Surprise—The AAUW Finds that More Girls than Boys in College is No Crisis
Crying "crisis" every time some social scientist notices some differences between groups is very popular nowadays. The implication is that equality should be the status quo and that differences must be the result of malign forces. (Admittedly, sometimes there are malign forces, e.g., Jim Crow laws.) Conservatives now indulge in America's favorite passtime of claiming victimhood and so worry about the "boy crisis" in American education. The logic of a "boy crisis" means that special attention must be paid to boys over girls. Naturally this logic threatens the perks and programs of entrenched victim groups.
That being the case, is anyone shocked that the feminists at the American Association of University Women are promoting a "study" that purports to show that the "boy crisis" is a "myth?" Some researchers don't think it's a myth. And the Washinigton Post did not express any concern over how the study sponsored by an organization devoted to the interests of university women might have been skewed by conflicts of interest. At the end of its story on the AAUW report, the Post did note:
AAUW's study does show female students outperforming male students in some measures. Women have earned 57 percent of bachelor's degrees since 1982 and outperformed boys on high school grade-point averages. In 2005, male students had a GPA of 2.86 and girls, 3.09.

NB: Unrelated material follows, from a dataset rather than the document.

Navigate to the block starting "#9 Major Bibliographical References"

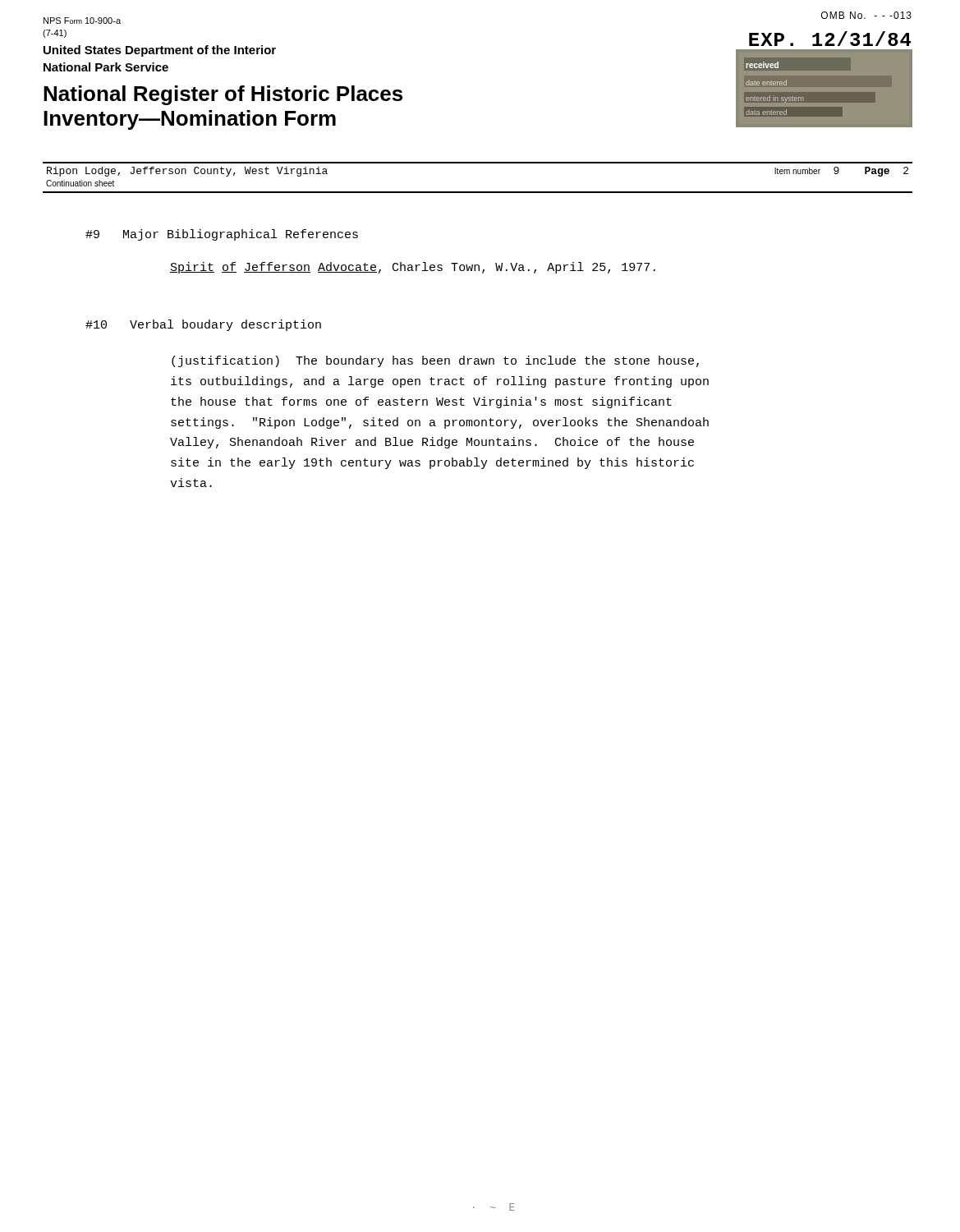222,235
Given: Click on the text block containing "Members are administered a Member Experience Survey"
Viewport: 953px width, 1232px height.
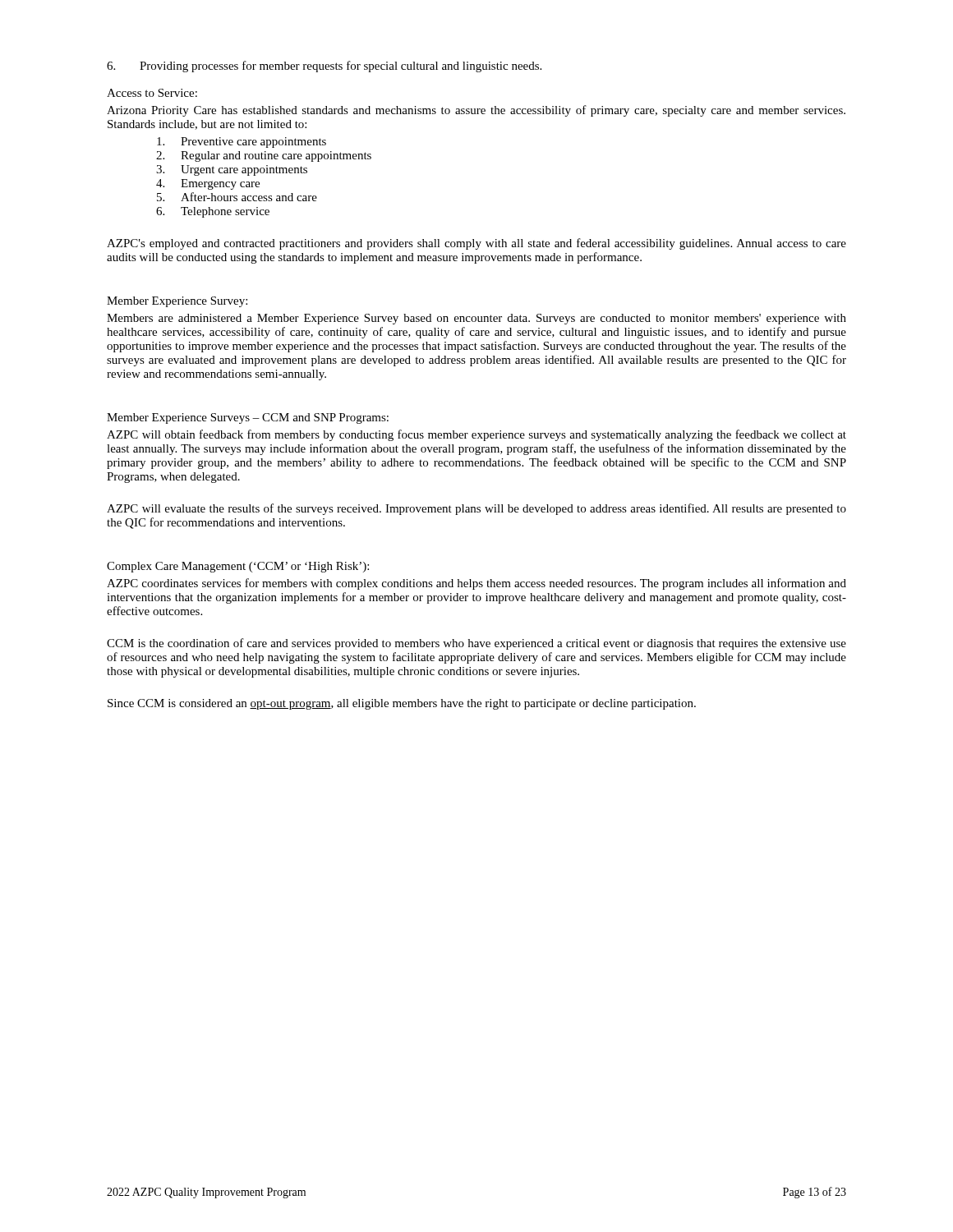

I will also mention that a friend of mine at a prominent university told me recently that he and his colleagues could fill all their graduate program slots with qualified women. However, women will refuse enter programs that have too few men, so his program has instituted affirmative action for men in order to attract women.
In any case, I don't believe that there is a "boy crisis" or a "girl crisis." The real victims are boys and girls who are stuck in our deteriorating government-funded educational system.
Whole Post article here.
Disclosure: As an undergraduate I entered the University of Virginia two years after it co-educated. From my point of view, the male/female ratio was far from optimum.